The ruling (3 page / 93.9KB PDF) also means that decisions will be published including the names of the parties, whereas previously names of parties were anonymised.
Where a complaint had its final hearing on or before 6 April 2021, the determination of the adjudication officer will be anonymised, or anonymised at the adjudication officer’s discretion if it relates to an equality matter, until new legislation comes into force.
“With WRC hearings operating in public, which means that media may be able to attend, and parties being named in the decision published on the website, this is likely to impact on the way parties proceed with these matters.

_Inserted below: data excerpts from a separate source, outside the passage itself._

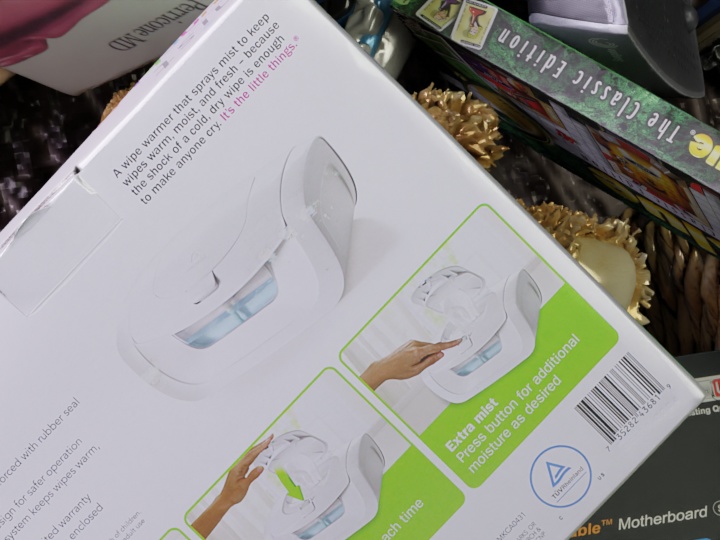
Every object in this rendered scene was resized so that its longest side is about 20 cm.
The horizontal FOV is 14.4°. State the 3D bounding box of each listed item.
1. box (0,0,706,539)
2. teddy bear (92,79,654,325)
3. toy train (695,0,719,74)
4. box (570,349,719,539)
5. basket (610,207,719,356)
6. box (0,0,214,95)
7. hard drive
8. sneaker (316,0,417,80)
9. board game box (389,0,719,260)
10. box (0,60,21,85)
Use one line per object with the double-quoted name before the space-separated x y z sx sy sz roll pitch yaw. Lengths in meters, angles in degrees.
"box" -0.034 0.041 0.830 0.176 0.097 0.200 43 92 -6
"teddy bear" 0.000 0.000 0.961 0.199 0.067 0.146 8 82 13
"toy train" 0.207 -0.122 1.193 0.199 0.034 0.046 -23 83 -38
"box" 0.081 0.115 0.974 0.199 0.046 0.160 -8 75 -1
"basket" 0.219 0.020 1.096 0.199 0.149 0.144 -8 82 -36
"box" -0.134 -0.148 0.886 0.199 0.128 0.110 21 69 -29
"hard drive" 0.089 -0.130 1.044 0.200 0.042 0.136 9 72 -76
"sneaker" 0.028 -0.127 1.054 0.086 0.075 0.201 31 63 -30
"board game box" 0.106 -0.034 0.974 0.024 0.199 0.105 -56 154 -3
"box" -0.154 -0.140 0.962 0.200 0.021 0.164 -42 103 -34

It will be interesting to see if there will be an increase in parties engaging in mediation, as mediation proceedings will remain in private,” Ruane said.
Employment law expert Jason McMenamin of Pinsent Masons said: “The case has huge implications for future employment law cases before the WRC. Employers should take note of the current procedural changes and be particularly conscious that up until new legislation is introduced the names of parties will not be anonymised.”

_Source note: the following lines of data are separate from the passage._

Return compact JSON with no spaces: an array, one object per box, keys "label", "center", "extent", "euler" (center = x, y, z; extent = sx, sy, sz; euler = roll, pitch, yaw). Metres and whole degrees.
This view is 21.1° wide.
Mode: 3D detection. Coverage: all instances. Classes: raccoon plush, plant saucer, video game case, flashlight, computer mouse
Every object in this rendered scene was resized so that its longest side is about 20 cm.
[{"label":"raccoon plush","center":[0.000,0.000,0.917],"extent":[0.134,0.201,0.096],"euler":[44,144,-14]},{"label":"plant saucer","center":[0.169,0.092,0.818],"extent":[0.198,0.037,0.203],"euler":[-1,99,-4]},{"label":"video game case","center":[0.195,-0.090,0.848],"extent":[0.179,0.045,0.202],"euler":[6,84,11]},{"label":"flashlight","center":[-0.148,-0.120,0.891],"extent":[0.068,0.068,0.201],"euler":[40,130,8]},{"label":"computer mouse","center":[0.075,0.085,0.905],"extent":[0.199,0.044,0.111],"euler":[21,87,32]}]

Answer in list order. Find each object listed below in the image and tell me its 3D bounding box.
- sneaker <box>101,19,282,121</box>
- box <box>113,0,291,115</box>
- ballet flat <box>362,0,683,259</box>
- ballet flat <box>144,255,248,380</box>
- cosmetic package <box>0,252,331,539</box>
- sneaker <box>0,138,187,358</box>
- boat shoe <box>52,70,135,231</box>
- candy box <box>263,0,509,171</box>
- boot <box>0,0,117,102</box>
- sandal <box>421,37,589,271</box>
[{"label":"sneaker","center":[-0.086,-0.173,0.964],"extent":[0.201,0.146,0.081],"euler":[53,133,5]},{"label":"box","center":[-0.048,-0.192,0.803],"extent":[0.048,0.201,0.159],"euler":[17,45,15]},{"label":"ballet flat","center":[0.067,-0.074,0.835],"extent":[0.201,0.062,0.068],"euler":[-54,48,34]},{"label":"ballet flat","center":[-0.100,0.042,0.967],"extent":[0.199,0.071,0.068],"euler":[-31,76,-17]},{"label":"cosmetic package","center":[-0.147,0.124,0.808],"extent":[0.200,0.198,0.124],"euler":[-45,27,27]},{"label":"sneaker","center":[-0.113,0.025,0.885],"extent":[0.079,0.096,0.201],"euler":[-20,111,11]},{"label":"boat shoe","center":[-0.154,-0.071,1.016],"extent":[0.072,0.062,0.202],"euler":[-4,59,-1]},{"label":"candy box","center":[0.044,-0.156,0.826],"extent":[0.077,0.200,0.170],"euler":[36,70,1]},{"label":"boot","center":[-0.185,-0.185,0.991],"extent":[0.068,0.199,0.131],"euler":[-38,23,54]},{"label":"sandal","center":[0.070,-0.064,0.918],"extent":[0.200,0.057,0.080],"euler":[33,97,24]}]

The Supreme Court also held that the administration of the oath and the possibility of punishment for giving false evidence are an important part of ensuring that justice is done, in cases where there is serious and direct conflict of evidence. It said the absence of any provision for the administration of an oath, or any possibility of punishment for the giving of false evidence in the hearing of claims heard under Part 4 of the Workplace Relations Act 2015 or section 8 of the Unfair Dismissals Act 1977, as amended, was inconsistent with the Constitution.
As a result, except where the investigation or hearing does not amount to the administration of justice – for example in industrial relations disputes – where an adjudication officer determines that there is a serious and direct conflict of evidence between the parties to a complaint before the officer, they will adjourn the hearing to await amendments to the Workplace Relations Act 2015. These will give adjudication officers the power to administer an oath or affirmation, and provide for a punishment for the giving of false evidence.
The WRC said unless a postponement was granted in advance, all scheduled hearings would begin as usual and continue to a conclusion, unless an adjudication officer decides that it is necessary that an oath or affirmation be administered.
As amending legislation will be required, it will be necessary for the WRC to update its procedures in line with the legislation and policy when this is enacted.